Of the 50 units, around nine are into job work (outsourcing) of 300-400 tonnes per day for the majors players. “Slowly, local units are moving towards outsourcing work, as it saves them from the hazards of constantly spiralling raw material costs, and capital and marketing costs,” Kumar added.

Ravi Foods Private Limited, a Rs 400 crore biscuit manufacturer that produces 15,000 tonnes per month, earns its revenues both from working as a third-party manufacturer to some leading companies like ITC, Parle and Britannia, and producing for itself.

“The company does 50 per cent outsourcing work and 50 per cent own production,” Ravinder Kumar Agarwal, managing director of Ravi Foods, said.

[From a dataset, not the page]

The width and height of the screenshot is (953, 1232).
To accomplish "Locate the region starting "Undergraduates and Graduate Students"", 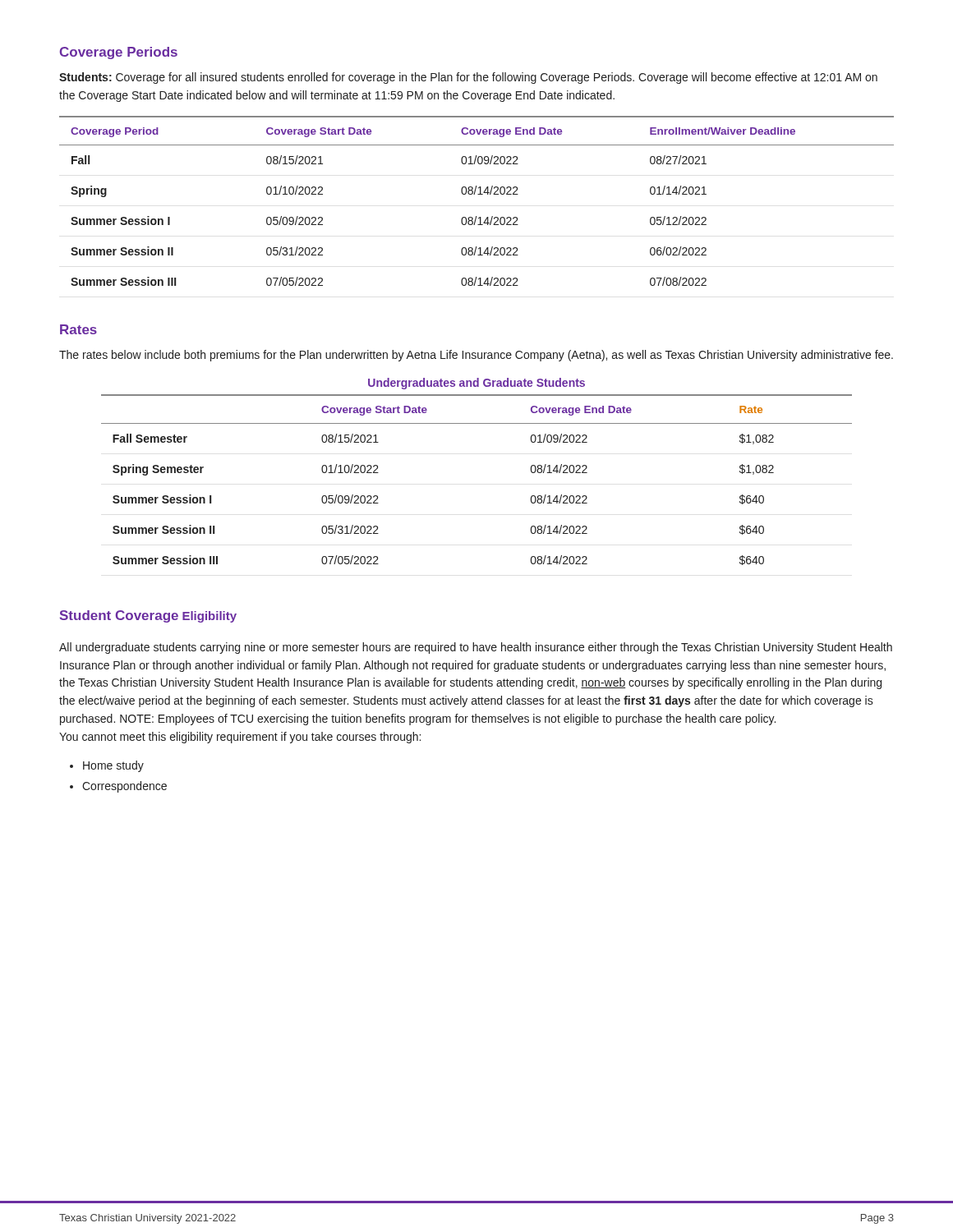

For producing a tonne of biscuits, the average margin for a local manufacturer is Rs 1,000-1,500, depending upon the variety. For confectionery and wafers, it is Rs 3,000.

“Our distribution network is also not strong and we cater to only Tier-II towns and rural areas. The business is growing but the problem is mainly competition from the multinationals,” said Kumar. The established companies are able to survive, but new entrants are finding it difficult.

The small players mainly cater to rural and semi-urban markets, and are banking on the value aspect, ‘taste’, and cheaper price to retain their minuscule customer base. In the unbranded market, they sell it through a dealer in each district on a contract basis.

“When it comes to taste, we have our own loyal customers. Lack of resources to publicise and advertise our products are also a drawback for us. It is very difficult to create that mark and to get the existing customers,” says Nitin Sanghi, managing director of Pushiti Foods.